El Congreso de Estados Unidos dio un nuevo paso para endurecer la presión económica sobre Rusia e Irán. La iniciativa aprobada por los legisladores amplía las herramientas disponibles para que el presidente Trump pueda aplicar sanciones contra Moscú y también contempla la posibilidad de establecer aranceles de hasta el 100% a determinados países que continúen adquiriendo petróleo y gas ruso.
La Cámara de Representantes respaldó el proyecto conocido como “Ley Lindsey O. Graham de Sanciones a Rusia e Irán de 2026” con 262 votos a favor y 159 en contra. El Senado ya había aprobado la propuesta en agosto, por lo que el texto quedó a la espera de la firma de Trump para transformarse en ley.
El objetivo principal de la legislación es aumentar el costo económico para el gobierno de Vladimir Putin por la guerra en Ucrania. Entre las medidas previstas aparecen restricciones dirigidas a funcionarios y empresarios rusos, además de bancos, entidades financieras y organizaciones vinculadas con las áreas energética y militar. También podrían quedar alcanzados individuos y compañías extranjeras que colaboren con esos sectores o que participen en mecanismos destinados a evadir las sanciones impuestas por países occidentales.
Una de las disposiciones que genera mayor atención es la que permitiría a Trump establecer tarifas de hasta el 100% sobre bienes procedentes de los cinco principales compradores de petróleo o gas ruso. De aplicarse, la medida podría tener consecuencias especialmente relevantes para países como China e India, dos de los grandes destinos de los hidrocarburos provenientes de Rusia.

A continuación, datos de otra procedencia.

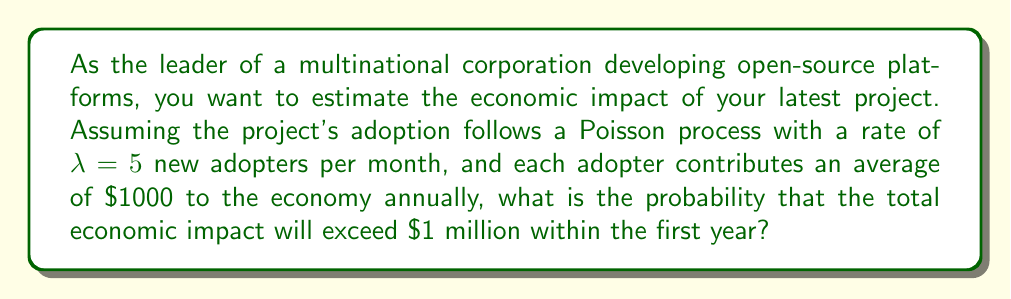Can you answer this question? To solve this problem, we need to follow these steps:

1. Determine the number of adopters needed to exceed $1 million in economic impact.
2. Model the adoption process using a Poisson distribution.
3. Calculate the probability of reaching or exceeding the required number of adopters.

Step 1: Determining the number of adopters
Each adopter contributes $\$1000$ annually. To exceed $\$1$ million, we need:
$$ \text{Number of adopters} > \frac{\$1,000,000}{\$1,000} = 1000 $$

Step 2: Modeling the adoption process
The adoption follows a Poisson process with rate $\lambda = 5$ per month. For a full year, the rate is:
$$ \lambda_{\text{year}} = 5 \times 12 = 60 $$

The number of adopters in a year follows a Poisson distribution with mean $\lambda_{\text{year}} = 60$.

Step 3: Calculating the probability
We need to find $P(X > 1000)$, where $X$ is the number of adopters in a year. This is equivalent to $1 - P(X \leq 1000)$.

Using the cumulative distribution function of the Poisson distribution:

$$ P(X \leq 1000) = e^{-60} \sum_{k=0}^{1000} \frac{60^k}{k!} $$

This sum is computationally intensive, so we can use the normal approximation to the Poisson distribution for large $\lambda$:

$$ X \sim N(\mu = 60, \sigma^2 = 60) $$

Standardizing:
$$ z = \frac{1000.5 - 60}{\sqrt{60}} \approx 121.32 $$

(We use 1000.5 for continuity correction)

Using the standard normal distribution table or a calculator:

$$ P(X \leq 1000) \approx P(Z \leq 121.32) \approx 1 $$

Therefore:
$$ P(X > 1000) \approx 1 - P(X \leq 1000) \approx 0 $$
Answer: The probability that the total economic impact will exceed $1 million within the first year is approximately 0. 
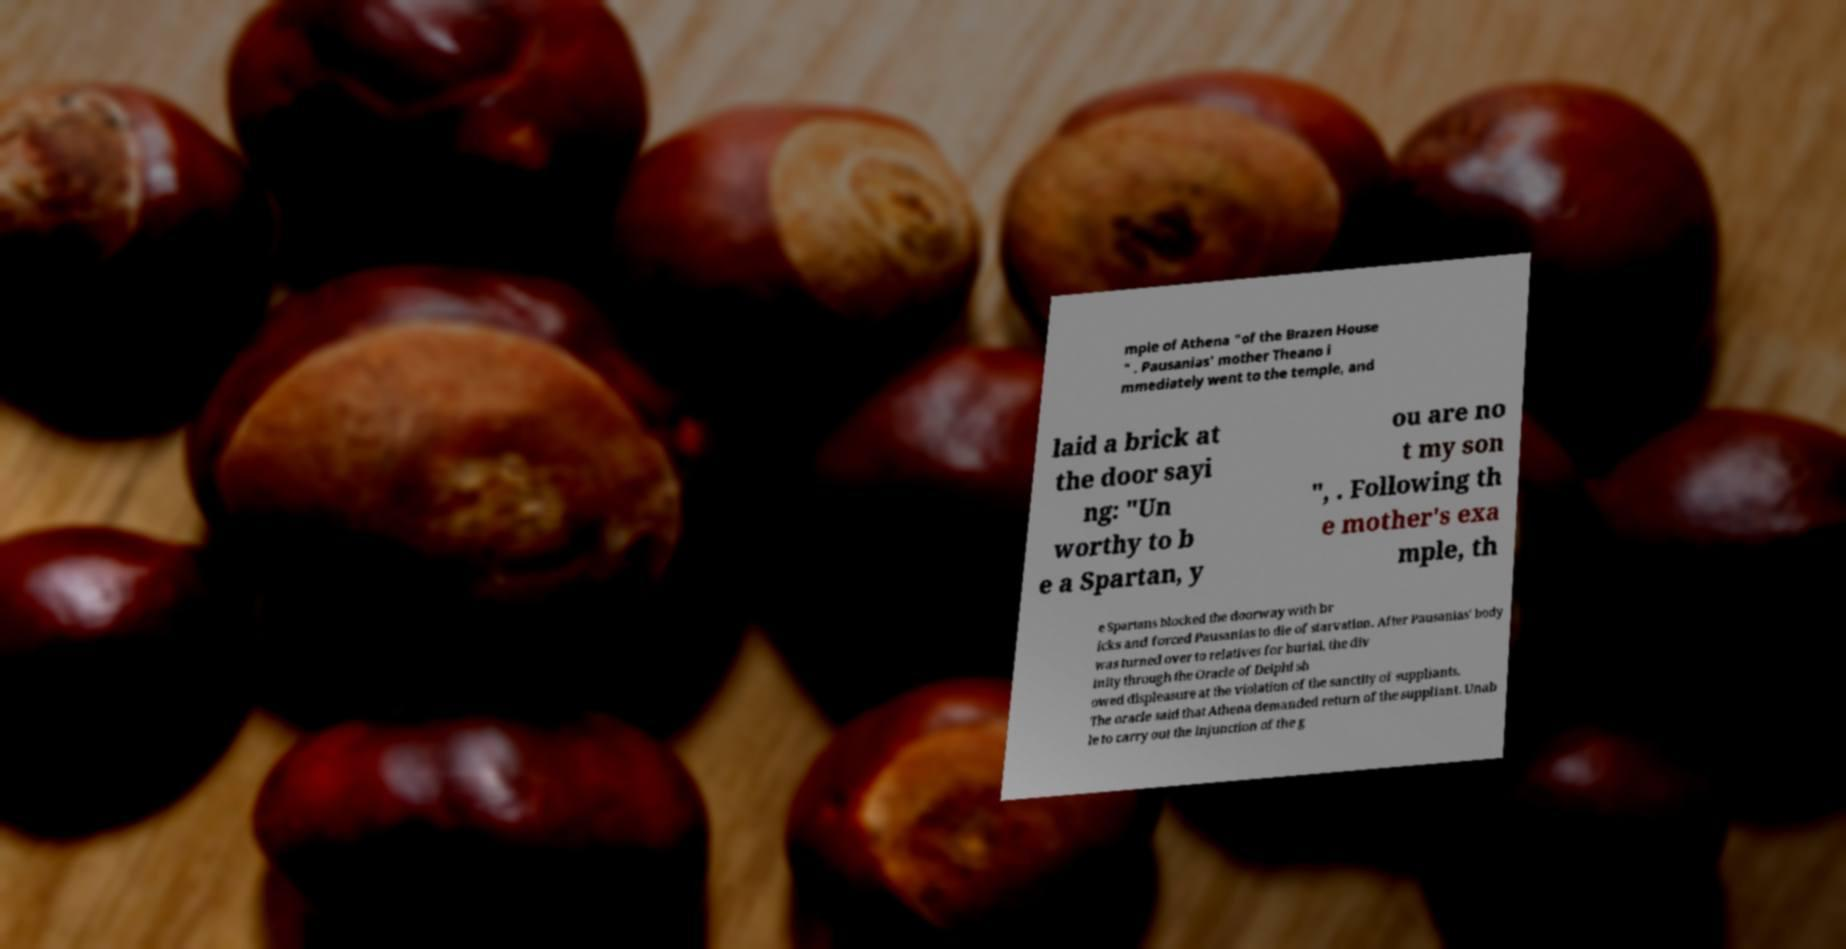I need the written content from this picture converted into text. Can you do that? mple of Athena "of the Brazen House " . Pausanias' mother Theano i mmediately went to the temple, and laid a brick at the door sayi ng: "Un worthy to b e a Spartan, y ou are no t my son ", . Following th e mother's exa mple, th e Spartans blocked the doorway with br icks and forced Pausanias to die of starvation. After Pausanias' body was turned over to relatives for burial, the div inity through the Oracle of Delphi sh owed displeasure at the violation of the sanctity of suppliants. The oracle said that Athena demanded return of the suppliant. Unab le to carry out the injunction of the g 
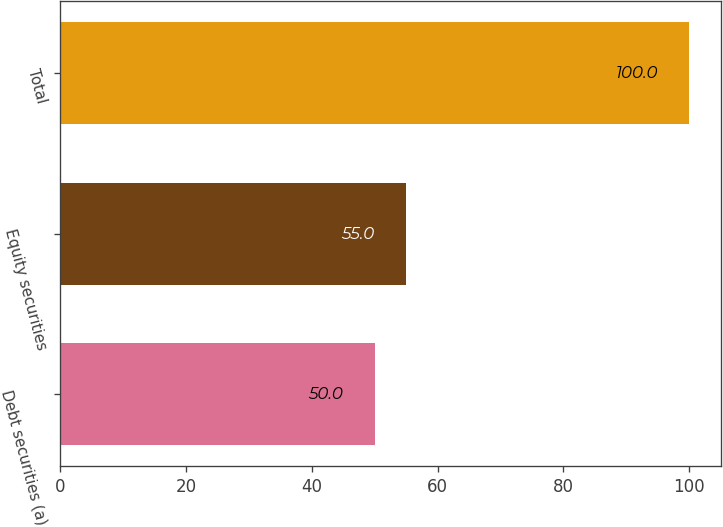Convert chart. <chart><loc_0><loc_0><loc_500><loc_500><bar_chart><fcel>Debt securities (a)<fcel>Equity securities<fcel>Total<nl><fcel>50<fcel>55<fcel>100<nl></chart>

El proyecto también contempla acciones contra la llamada “flota fantasma” rusa. Se trata de una red de embarcaciones empleadas para trasladar petróleo y evitar algunas de las restricciones internacionales implementadas luego de la invasión rusa de Ucrania en 2022.
El acuerdo legislativo incluye, además, la continuidad de determinadas sanciones estadounidenses relacionadas con las industrias energética y militar de Irán. Esta parte fue incorporada durante las conversaciones mantenidas con la administración Trump con el propósito de impedir que expiraran las facultades que Washington ya tenía vigentes.
La iniciativa comenzó a tomar forma más de un año atrás a partir del trabajo del entonces senador republicano Lindsey Graham y del demócrata Richard Blumenthal. El texto atravesó extensas negociaciones entre legisladores y funcionarios de la Casa Blanca antes de alcanzar su versión definitiva. Graham falleció en julio, poco después de haber llegado a un entendimiento con la administración sobre el contenido final del proyecto.
La votación en la Cámara evidenció apoyo de legisladores de ambos partidos, aunque también expuso diferencias internas. Un total de 58 demócratas respaldaron la propuesta, mientras que siete republicanos se pronunciaron en contra. Entre los argumentos de quienes rechazaron el proyecto dentro del Partido Demócrata apareció la preocupación por el alcance de las facultades arancelarias otorgadas al presidente y por el posible impacto de esas medidas tanto en países aliados como en los consumidores de Estados Unidos.
Desde Ucrania también hubo respaldo a la iniciativa. El presidente Volodímir Zelenski había pedido previamente al Congreso estadounidense que avanzara con las sanciones, al sostener que una mayor presión económica podría limitar los recursos utilizados por Rusia para sostener su operación militar.
La Casa Blanca, por su parte, manifestó su apoyo al paquete legislativo. Ahora Trump deberá decidir si lo promulga mediante su firma, en un contexto en el que Washington busca incrementar la presión sobre Moscú mientras continúan los esfuerzos diplomáticos destinados a encontrar una solución negociada al conflicto ucraniano.